● Data for this exercise
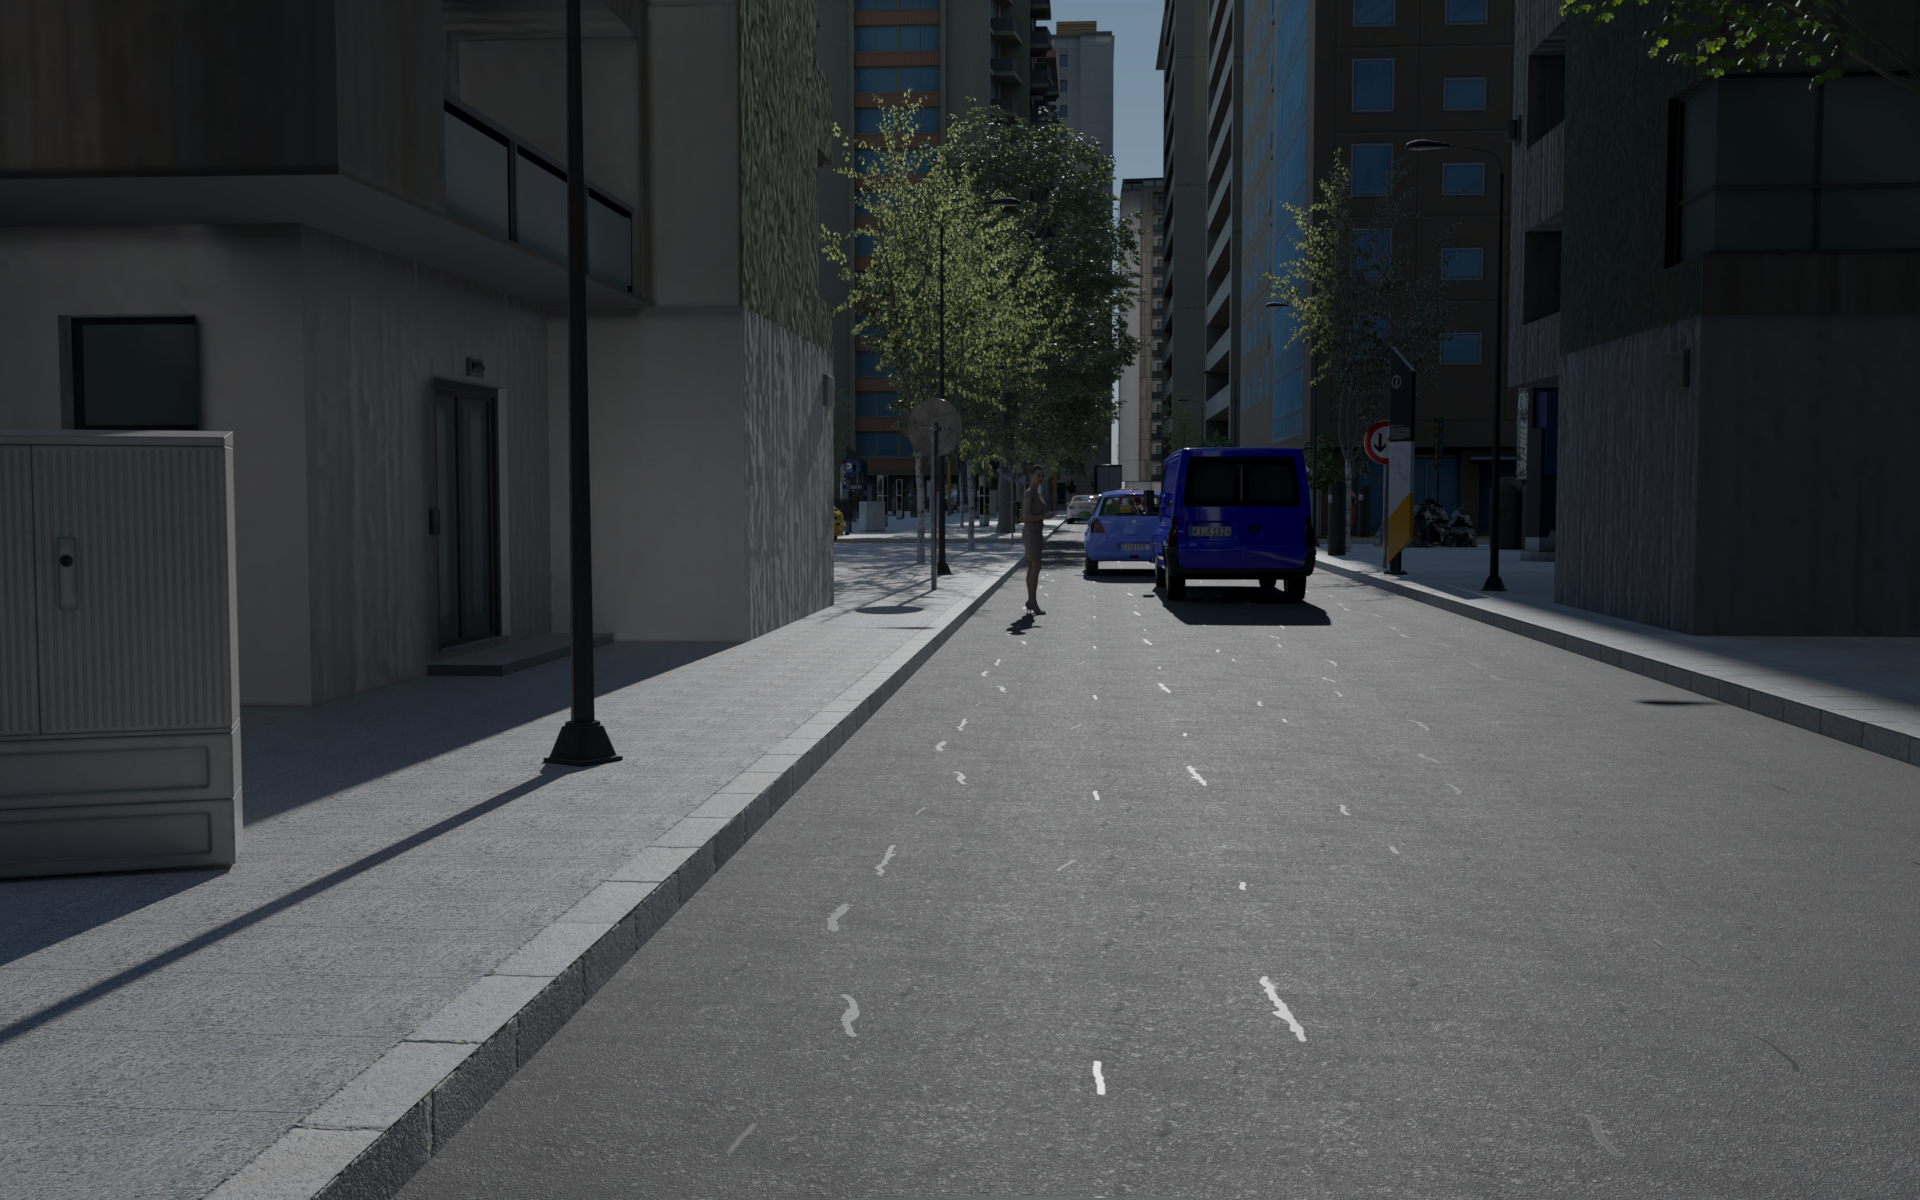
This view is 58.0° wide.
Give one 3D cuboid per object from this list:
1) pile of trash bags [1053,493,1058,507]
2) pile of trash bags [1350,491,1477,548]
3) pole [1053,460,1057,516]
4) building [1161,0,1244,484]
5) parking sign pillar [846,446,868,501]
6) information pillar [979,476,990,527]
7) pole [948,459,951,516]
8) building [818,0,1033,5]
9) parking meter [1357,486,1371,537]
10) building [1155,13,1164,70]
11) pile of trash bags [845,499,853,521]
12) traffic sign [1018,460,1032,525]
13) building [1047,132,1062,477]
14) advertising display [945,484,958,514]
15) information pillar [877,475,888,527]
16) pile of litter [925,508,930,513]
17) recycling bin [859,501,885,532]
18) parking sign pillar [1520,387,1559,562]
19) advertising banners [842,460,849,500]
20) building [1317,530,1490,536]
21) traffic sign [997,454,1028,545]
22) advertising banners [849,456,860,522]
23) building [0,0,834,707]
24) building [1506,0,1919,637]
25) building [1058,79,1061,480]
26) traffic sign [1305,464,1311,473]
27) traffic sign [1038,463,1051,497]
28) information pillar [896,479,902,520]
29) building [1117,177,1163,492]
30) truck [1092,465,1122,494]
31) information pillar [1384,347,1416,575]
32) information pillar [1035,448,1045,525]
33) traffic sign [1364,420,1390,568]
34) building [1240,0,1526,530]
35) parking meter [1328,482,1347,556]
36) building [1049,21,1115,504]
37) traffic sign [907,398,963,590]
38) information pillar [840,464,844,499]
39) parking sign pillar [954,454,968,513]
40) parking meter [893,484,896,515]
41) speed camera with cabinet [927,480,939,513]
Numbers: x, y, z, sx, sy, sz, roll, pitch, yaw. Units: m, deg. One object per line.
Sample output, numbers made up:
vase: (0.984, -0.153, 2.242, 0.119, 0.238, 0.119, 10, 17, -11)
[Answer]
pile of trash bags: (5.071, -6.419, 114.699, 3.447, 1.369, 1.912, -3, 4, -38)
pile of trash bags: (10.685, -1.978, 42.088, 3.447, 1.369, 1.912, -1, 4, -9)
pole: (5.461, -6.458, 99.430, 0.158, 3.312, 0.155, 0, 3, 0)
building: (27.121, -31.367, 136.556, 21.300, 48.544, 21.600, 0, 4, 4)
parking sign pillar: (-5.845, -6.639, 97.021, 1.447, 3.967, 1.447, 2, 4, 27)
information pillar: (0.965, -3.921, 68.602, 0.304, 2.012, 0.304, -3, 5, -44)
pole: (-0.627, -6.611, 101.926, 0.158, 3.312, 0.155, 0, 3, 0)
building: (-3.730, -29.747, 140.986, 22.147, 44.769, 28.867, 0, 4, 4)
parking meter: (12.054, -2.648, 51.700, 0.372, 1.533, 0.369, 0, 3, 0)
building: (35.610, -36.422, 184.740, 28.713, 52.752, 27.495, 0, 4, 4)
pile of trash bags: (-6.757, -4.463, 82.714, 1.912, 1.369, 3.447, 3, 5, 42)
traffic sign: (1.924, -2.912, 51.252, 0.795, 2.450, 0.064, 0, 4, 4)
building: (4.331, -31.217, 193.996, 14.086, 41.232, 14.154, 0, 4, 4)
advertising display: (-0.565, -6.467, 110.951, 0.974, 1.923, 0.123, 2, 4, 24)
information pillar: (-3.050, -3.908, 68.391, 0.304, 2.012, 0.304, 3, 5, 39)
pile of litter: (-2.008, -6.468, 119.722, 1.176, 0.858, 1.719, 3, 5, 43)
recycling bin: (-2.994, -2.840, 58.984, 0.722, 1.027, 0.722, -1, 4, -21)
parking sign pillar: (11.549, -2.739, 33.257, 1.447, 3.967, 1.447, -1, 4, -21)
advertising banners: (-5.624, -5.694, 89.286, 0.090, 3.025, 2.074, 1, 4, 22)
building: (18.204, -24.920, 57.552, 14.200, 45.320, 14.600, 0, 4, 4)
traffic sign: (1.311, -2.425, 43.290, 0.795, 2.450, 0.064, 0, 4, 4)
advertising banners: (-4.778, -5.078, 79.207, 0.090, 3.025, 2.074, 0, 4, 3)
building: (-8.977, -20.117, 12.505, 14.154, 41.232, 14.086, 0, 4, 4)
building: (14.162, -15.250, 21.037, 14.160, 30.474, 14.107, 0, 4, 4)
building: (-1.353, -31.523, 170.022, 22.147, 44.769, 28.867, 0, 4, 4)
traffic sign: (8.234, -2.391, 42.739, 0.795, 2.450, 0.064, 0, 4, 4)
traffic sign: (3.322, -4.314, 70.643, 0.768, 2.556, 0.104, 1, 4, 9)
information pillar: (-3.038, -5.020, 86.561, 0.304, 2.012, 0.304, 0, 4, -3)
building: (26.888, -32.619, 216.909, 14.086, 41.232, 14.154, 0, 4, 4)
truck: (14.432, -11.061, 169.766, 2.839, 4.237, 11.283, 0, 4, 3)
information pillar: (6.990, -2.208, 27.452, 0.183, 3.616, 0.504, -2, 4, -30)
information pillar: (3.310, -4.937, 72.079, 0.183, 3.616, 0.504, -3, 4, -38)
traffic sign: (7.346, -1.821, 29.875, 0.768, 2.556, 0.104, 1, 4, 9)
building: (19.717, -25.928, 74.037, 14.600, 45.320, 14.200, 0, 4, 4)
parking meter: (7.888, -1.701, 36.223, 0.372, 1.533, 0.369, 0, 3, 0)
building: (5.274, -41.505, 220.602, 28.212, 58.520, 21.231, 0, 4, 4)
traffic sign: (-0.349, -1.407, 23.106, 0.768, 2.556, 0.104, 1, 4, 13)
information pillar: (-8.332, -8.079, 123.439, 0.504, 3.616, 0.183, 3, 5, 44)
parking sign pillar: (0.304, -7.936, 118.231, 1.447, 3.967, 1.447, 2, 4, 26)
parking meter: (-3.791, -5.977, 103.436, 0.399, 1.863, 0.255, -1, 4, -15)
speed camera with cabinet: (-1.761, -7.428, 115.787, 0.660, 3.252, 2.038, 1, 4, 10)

● Activity
Using only the entries above, output the line with "30) truck [1092,465,1122,494]", the line with "37) traffic sign [907,398,963,590]", and all lines between them, exactly as they stand.

● Expected answer
30) truck [1092,465,1122,494]
31) information pillar [1384,347,1416,575]
32) information pillar [1035,448,1045,525]
33) traffic sign [1364,420,1390,568]
34) building [1240,0,1526,530]
35) parking meter [1328,482,1347,556]
36) building [1049,21,1115,504]
37) traffic sign [907,398,963,590]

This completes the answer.